Please write out every entry below exactly, leaving out any pictures.
(Beginning of ENTRIES PROVIDED)
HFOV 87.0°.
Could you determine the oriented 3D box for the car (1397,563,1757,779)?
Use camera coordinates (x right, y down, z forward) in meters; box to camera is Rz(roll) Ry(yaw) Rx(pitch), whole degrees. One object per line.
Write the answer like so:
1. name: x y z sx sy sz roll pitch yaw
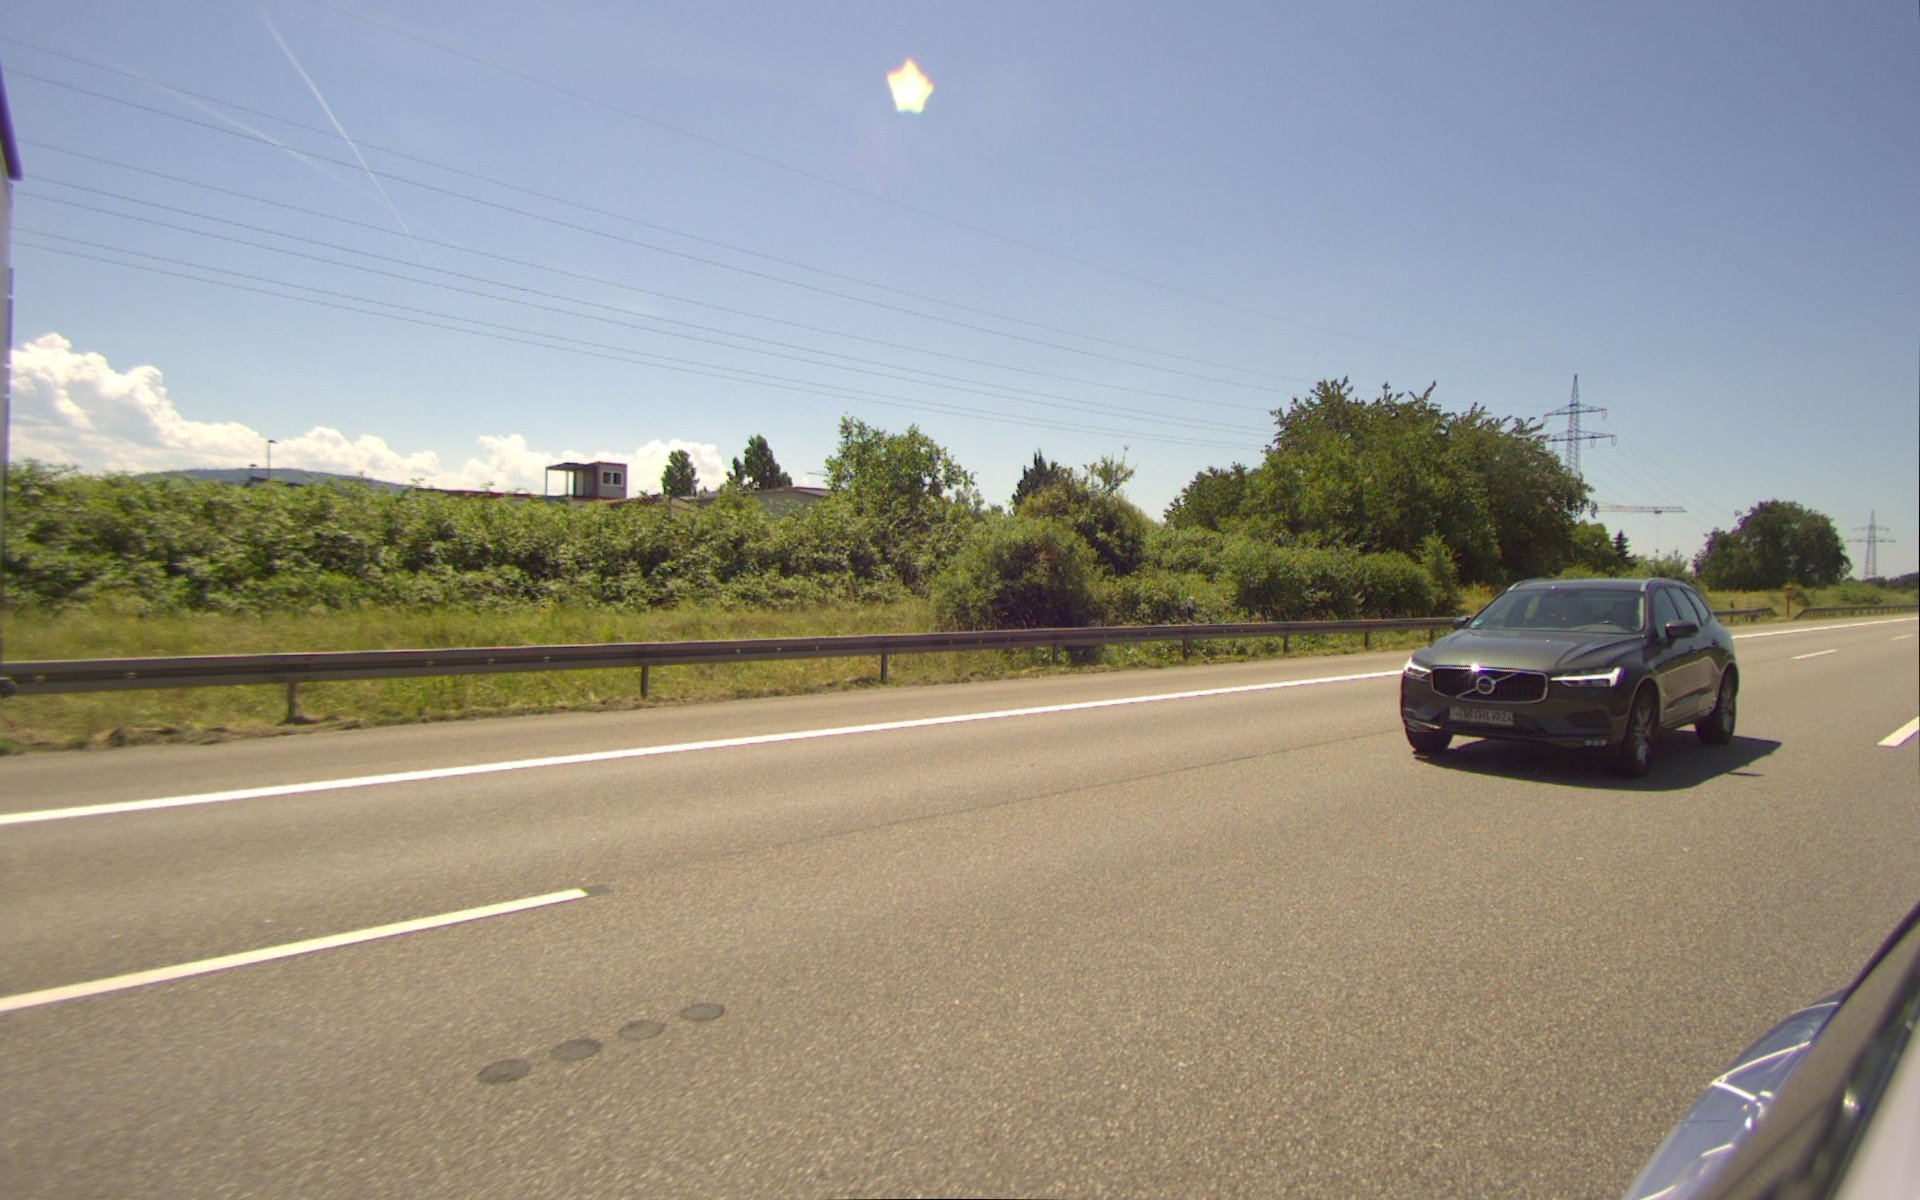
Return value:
1. car: 6.016 0.514 9.697 3.935 1.643 1.877 0 1 -41
(End of ENTRIES PROVIDED)
SOLUTION FOR THIS TASK:
HFOV 87.0°.
Could you determine the oriented 3D box for the car (1397,563,1757,779)?
Use camera coordinates (x right, y down, z forward) in meters; box to camera is Rz(roll) Ry(yaw) Rx(pitch), whole degrees. One object per line.
Write the answer like so:
1. name: x y z sx sy sz roll pitch yaw
Return value:
1. car: 6.016 0.514 9.697 3.935 1.643 1.877 0 1 -41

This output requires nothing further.